Non seulement l'actuel titulaire de la chaire Mallinckrodt de physique de l'université Harvard est-il un pionnier de l'optique quantique, mais il est également bien connu pour son « modèle de Glauber ». Ce modèle est largement utilisé dans l'étude des interactions des ions lourds à haute énergie, un champ de recherche important pour le CERN au cours des 20 dernières années. Basé sur les profils de densité nucléaires, ce modèle fournit une description géométrique détaillée des collisions noyau-noyau, ce qui permet aux expérimentateurs de caractériser les collisions d'après certaines des quantités mesurées.

Roy Glauber continue de jouer un rôle dans la recherche et il a participé en août, à Budapest, à la conférence Quark Matter 2005 où il a donné la conférence d'ouverture.


Roy Glauber après l'annonce de son Prix Nobel (Copyright Harvard University).

La spectroscopie de précision

Theodor Hänsch, de l'université Ludwig-Maximillian de Munich et aussi membre de la collaboration ATRAP au CERN, et John Hall, de l'université du Colorado (Etats-Unis), se partagent l'autre moitié du prix Nobel de cette année.

En développant la technique de mesure dite du peigne de fréquence optique, Theodor Hänsch et John Hall ont récemment rendu possible la mesure de la fréquence de la lumière avec une précision de 15 décimales.
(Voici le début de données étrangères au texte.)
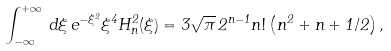<formula> <loc_0><loc_0><loc_500><loc_500>\int _ { - \infty } ^ { + \infty } \, d \xi \, e ^ { - \xi ^ { 2 } } \xi ^ { 4 } H _ { n } ^ { 2 } ( \xi ) = 3 \sqrt { \pi } \, 2 ^ { n - 1 } n ! \left ( n ^ { 2 } + n + 1 / 2 \right ) ,</formula> 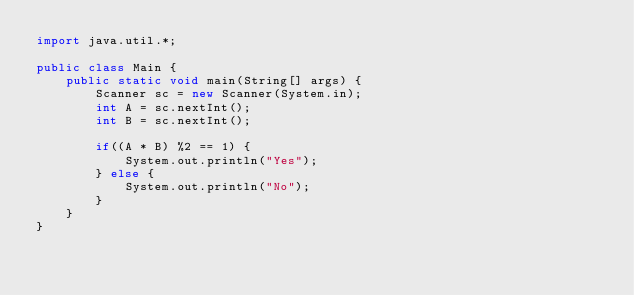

Le « peigne » exploite les interférences entre des lasers de fréquences différentes qui produisent de fines impulsions femtoseconde de lumière à des intervalles réguliers et extrêmement précis. Cette technique permet de déterminer avec exactitude n'importe quelle fréquence. Theodor Hänsch et John Hall ont affiné cette technique pour produire un instrument simple, disponible dans le commerce.

Leurs travaux ont fait avancer l'art de la mesure de précision et ils auront des utilisations variées dont certaines sont encore insoupçonnées. Ils ont des applications potentielles pour offrir une meilleure précision aux systèmes de navigation par satellite, déterminer les constantes universelles avec plus d'exactitude, et peut-être même un jour rendre plus précises les trajectoires des engins spatiaux.

Au CERN, les techniques élaborées par Theodor Hänsch et John Hall sont utilisées pour mesurer la relation matière-antimatière. Theodor Hänsch appartient actuellement à la collaboration ATRAP qui étudie au CERN les propriétés de l'antihydrogène.

La technologie du peigne de fréquence, récompensée par le prix Nobel, est également utilisée dans l'expérience ASACUSA qui étudie les atomes d'hélium antiprotonique. Ces derniers sont des systèmes à trois corps comprenant un antiproton et un électron en orbite autour d'un noyau d'hélium. Les expérimentateurs utilisent le peigne pour mesurer les fréquences de transition optiques de cet atome avec une précision sans précédent. Ils peuvent dès lors déterminer la masse et la charge de l'antiproton à quelques milliardièmes près, puis comparer ces résultats avec les valeurs connues pour le proton. Toute différence entre les masses, aussi petite serait-elle, indiquerait une violation de la symétrie matière-antimatière dans la nature.

Roy Gläuber, John Hall et Theodor Hänsch se partageront une somme légè rement supérieure à 1 million d'euros et recevront chacun une médaille et un diplôme personnels à la cérémonie officielle du Nobel qui se tiendra à Stockholm en décembre.


Theodor Hänsch trinque avec des jeunes scientifiques de son université (LMU/MPQ).